TASK INPUT =>
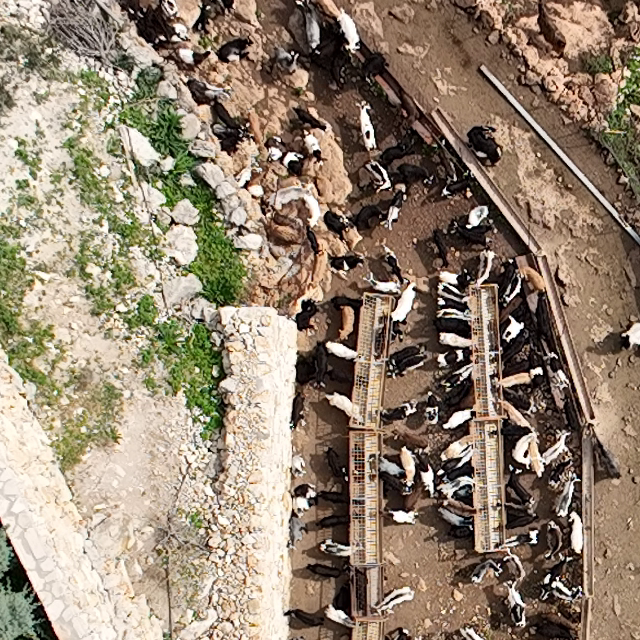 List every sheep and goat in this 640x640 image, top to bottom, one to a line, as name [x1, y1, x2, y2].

goat [159, 0, 179, 18]
goat [221, 0, 235, 9]
goat [535, 0, 567, 52]
goat [127, 1, 144, 18]
goat [204, 1, 226, 15]
goat [295, 1, 320, 48]
goat [192, 5, 210, 30]
goat [145, 6, 191, 43]
goat [151, 8, 192, 43]
goat [288, 9, 311, 53]
goat [337, 9, 361, 53]
goat [137, 19, 168, 42]
goat [313, 32, 343, 59]
goat [218, 37, 253, 62]
goat [176, 47, 211, 66]
goat [178, 47, 214, 65]
goat [274, 47, 298, 73]
goat [332, 50, 348, 89]
goat [362, 53, 386, 84]
goat [189, 79, 231, 100]
goat [399, 92, 420, 127]
goat [356, 100, 377, 151]
goat [212, 102, 246, 130]
goat [293, 107, 332, 132]
goat [246, 112, 264, 146]
goat [210, 122, 232, 138]
goat [211, 122, 243, 137]
goat [468, 126, 505, 165]
goat [302, 129, 327, 164]
goat [220, 130, 244, 152]
goat [266, 137, 283, 161]
goat [432, 139, 458, 181]
goat [379, 145, 411, 167]
goat [283, 151, 303, 176]
goat [365, 161, 391, 191]
goat [397, 163, 434, 184]
goat [249, 165, 270, 198]
goat [236, 166, 252, 188]
goat [441, 170, 473, 196]
goat [268, 188, 311, 208]
goat [381, 190, 403, 231]
goat [303, 196, 320, 228]
goat [352, 206, 381, 228]
goat [466, 206, 488, 228]
goat [272, 211, 306, 242]
goat [323, 211, 348, 233]
goat [268, 220, 296, 241]
goat [452, 222, 493, 246]
goat [469, 222, 494, 232]
goat [432, 228, 450, 269]
goat [306, 231, 321, 254]
goat [383, 246, 408, 285]
goat [472, 249, 495, 287]
goat [310, 251, 328, 290]
goat [328, 252, 364, 274]
goat [492, 259, 515, 304]
goat [521, 266, 546, 292]
goat [439, 269, 470, 285]
goat [500, 270, 521, 307]
goat [363, 273, 401, 294]
goat [438, 282, 474, 302]
goat [392, 283, 417, 321]
goat [536, 292, 552, 337]
goat [332, 296, 373, 310]
goat [489, 296, 522, 330]
goat [437, 298, 472, 312]
goat [296, 301, 317, 331]
goat [338, 307, 354, 339]
goat [499, 308, 525, 334]
goat [436, 310, 477, 320]
goat [374, 312, 389, 358]
goat [499, 315, 525, 350]
goat [435, 318, 478, 335]
goat [620, 318, 639, 349]
goat [439, 332, 477, 346]
goat [490, 336, 525, 363]
goat [326, 342, 366, 361]
goat [314, 344, 327, 390]
goat [386, 345, 424, 365]
goat [437, 346, 478, 367]
goat [529, 351, 545, 385]
goat [547, 352, 570, 388]
goat [294, 354, 314, 384]
goat [387, 355, 427, 379]
goat [489, 362, 530, 378]
goat [439, 363, 474, 393]
goat [329, 369, 370, 387]
goat [495, 373, 530, 386]
goat [446, 380, 473, 407]
goat [499, 387, 535, 414]
goat [426, 391, 439, 424]
goat [456, 391, 481, 410]
goat [325, 392, 364, 422]
goat [290, 393, 304, 431]
goat [375, 399, 418, 421]
goat [497, 400, 532, 429]
goat [443, 411, 476, 429]
goat [587, 423, 622, 478]
goat [492, 426, 531, 436]
goat [392, 429, 427, 450]
goat [542, 430, 570, 465]
goat [530, 432, 544, 476]
goat [511, 433, 533, 469]
goat [440, 434, 482, 460]
goat [352, 445, 365, 482]
goat [401, 446, 415, 485]
goat [437, 447, 474, 474]
goat [324, 448, 349, 481]
goat [415, 451, 434, 491]
goat [369, 453, 403, 475]
goat [290, 456, 306, 477]
goat [548, 458, 572, 488]
goat [507, 465, 536, 506]
goat [444, 466, 479, 481]
goat [379, 471, 412, 494]
goat [554, 473, 580, 517]
goat [439, 478, 477, 497]
goat [403, 481, 425, 511]
goat [291, 484, 315, 519]
goat [320, 490, 367, 505]
goat [444, 499, 485, 516]
goat [496, 501, 535, 516]
goat [437, 508, 474, 531]
goat [389, 511, 418, 524]
goat [317, 512, 362, 528]
goat [568, 512, 584, 552]
goat [496, 515, 538, 532]
goat [287, 519, 307, 549]
goat [544, 520, 562, 561]
goat [444, 527, 473, 538]
goat [497, 530, 539, 550]
goat [320, 537, 363, 556]
goat [504, 553, 525, 581]
goat [539, 554, 572, 599]
goat [470, 558, 503, 584]
goat [306, 560, 350, 578]
goat [351, 571, 366, 611]
goat [552, 577, 582, 601]
goat [502, 580, 526, 627]
goat [334, 581, 349, 609]
goat [371, 587, 414, 613]
goat [564, 587, 582, 610]
goat [326, 605, 362, 627]
goat [284, 610, 325, 626]
goat [540, 611, 582, 631]
goat [539, 623, 574, 639]
goat [459, 627, 499, 639]
goat [377, 629, 411, 639]
goat [412, 635, 427, 639]

INSTRUCTIONS FOR THE TASK => Copy all of the entries verbatim, leaving out any pictures they contain.

FINAL ANSWER =>
 List every sheep and goat in this 640x640 image, top to bottom, one to a line, as name [x1, y1, x2, y2].

goat [159, 0, 179, 18]
goat [221, 0, 235, 9]
goat [535, 0, 567, 52]
goat [127, 1, 144, 18]
goat [204, 1, 226, 15]
goat [295, 1, 320, 48]
goat [192, 5, 210, 30]
goat [145, 6, 191, 43]
goat [151, 8, 192, 43]
goat [288, 9, 311, 53]
goat [337, 9, 361, 53]
goat [137, 19, 168, 42]
goat [313, 32, 343, 59]
goat [218, 37, 253, 62]
goat [176, 47, 211, 66]
goat [178, 47, 214, 65]
goat [274, 47, 298, 73]
goat [332, 50, 348, 89]
goat [362, 53, 386, 84]
goat [189, 79, 231, 100]
goat [399, 92, 420, 127]
goat [356, 100, 377, 151]
goat [212, 102, 246, 130]
goat [293, 107, 332, 132]
goat [246, 112, 264, 146]
goat [210, 122, 232, 138]
goat [211, 122, 243, 137]
goat [468, 126, 505, 165]
goat [302, 129, 327, 164]
goat [220, 130, 244, 152]
goat [266, 137, 283, 161]
goat [432, 139, 458, 181]
goat [379, 145, 411, 167]
goat [283, 151, 303, 176]
goat [365, 161, 391, 191]
goat [397, 163, 434, 184]
goat [249, 165, 270, 198]
goat [236, 166, 252, 188]
goat [441, 170, 473, 196]
goat [268, 188, 311, 208]
goat [381, 190, 403, 231]
goat [303, 196, 320, 228]
goat [352, 206, 381, 228]
goat [466, 206, 488, 228]
goat [272, 211, 306, 242]
goat [323, 211, 348, 233]
goat [268, 220, 296, 241]
goat [452, 222, 493, 246]
goat [469, 222, 494, 232]
goat [432, 228, 450, 269]
goat [306, 231, 321, 254]
goat [383, 246, 408, 285]
goat [472, 249, 495, 287]
goat [310, 251, 328, 290]
goat [328, 252, 364, 274]
goat [492, 259, 515, 304]
goat [521, 266, 546, 292]
goat [439, 269, 470, 285]
goat [500, 270, 521, 307]
goat [363, 273, 401, 294]
goat [438, 282, 474, 302]
goat [392, 283, 417, 321]
goat [536, 292, 552, 337]
goat [332, 296, 373, 310]
goat [489, 296, 522, 330]
goat [437, 298, 472, 312]
goat [296, 301, 317, 331]
goat [338, 307, 354, 339]
goat [499, 308, 525, 334]
goat [436, 310, 477, 320]
goat [374, 312, 389, 358]
goat [499, 315, 525, 350]
goat [435, 318, 478, 335]
goat [620, 318, 639, 349]
goat [439, 332, 477, 346]
goat [490, 336, 525, 363]
goat [326, 342, 366, 361]
goat [314, 344, 327, 390]
goat [386, 345, 424, 365]
goat [437, 346, 478, 367]
goat [529, 351, 545, 385]
goat [547, 352, 570, 388]
goat [294, 354, 314, 384]
goat [387, 355, 427, 379]
goat [489, 362, 530, 378]
goat [439, 363, 474, 393]
goat [329, 369, 370, 387]
goat [495, 373, 530, 386]
goat [446, 380, 473, 407]
goat [499, 387, 535, 414]
goat [426, 391, 439, 424]
goat [456, 391, 481, 410]
goat [325, 392, 364, 422]
goat [290, 393, 304, 431]
goat [375, 399, 418, 421]
goat [497, 400, 532, 429]
goat [443, 411, 476, 429]
goat [587, 423, 622, 478]
goat [492, 426, 531, 436]
goat [392, 429, 427, 450]
goat [542, 430, 570, 465]
goat [530, 432, 544, 476]
goat [511, 433, 533, 469]
goat [440, 434, 482, 460]
goat [352, 445, 365, 482]
goat [401, 446, 415, 485]
goat [437, 447, 474, 474]
goat [324, 448, 349, 481]
goat [415, 451, 434, 491]
goat [369, 453, 403, 475]
goat [290, 456, 306, 477]
goat [548, 458, 572, 488]
goat [507, 465, 536, 506]
goat [444, 466, 479, 481]
goat [379, 471, 412, 494]
goat [554, 473, 580, 517]
goat [439, 478, 477, 497]
goat [403, 481, 425, 511]
goat [291, 484, 315, 519]
goat [320, 490, 367, 505]
goat [444, 499, 485, 516]
goat [496, 501, 535, 516]
goat [437, 508, 474, 531]
goat [389, 511, 418, 524]
goat [317, 512, 362, 528]
goat [568, 512, 584, 552]
goat [496, 515, 538, 532]
goat [287, 519, 307, 549]
goat [544, 520, 562, 561]
goat [444, 527, 473, 538]
goat [497, 530, 539, 550]
goat [320, 537, 363, 556]
goat [504, 553, 525, 581]
goat [539, 554, 572, 599]
goat [470, 558, 503, 584]
goat [306, 560, 350, 578]
goat [351, 571, 366, 611]
goat [552, 577, 582, 601]
goat [502, 580, 526, 627]
goat [334, 581, 349, 609]
goat [371, 587, 414, 613]
goat [564, 587, 582, 610]
goat [326, 605, 362, 627]
goat [284, 610, 325, 626]
goat [540, 611, 582, 631]
goat [539, 623, 574, 639]
goat [459, 627, 499, 639]
goat [377, 629, 411, 639]
goat [412, 635, 427, 639]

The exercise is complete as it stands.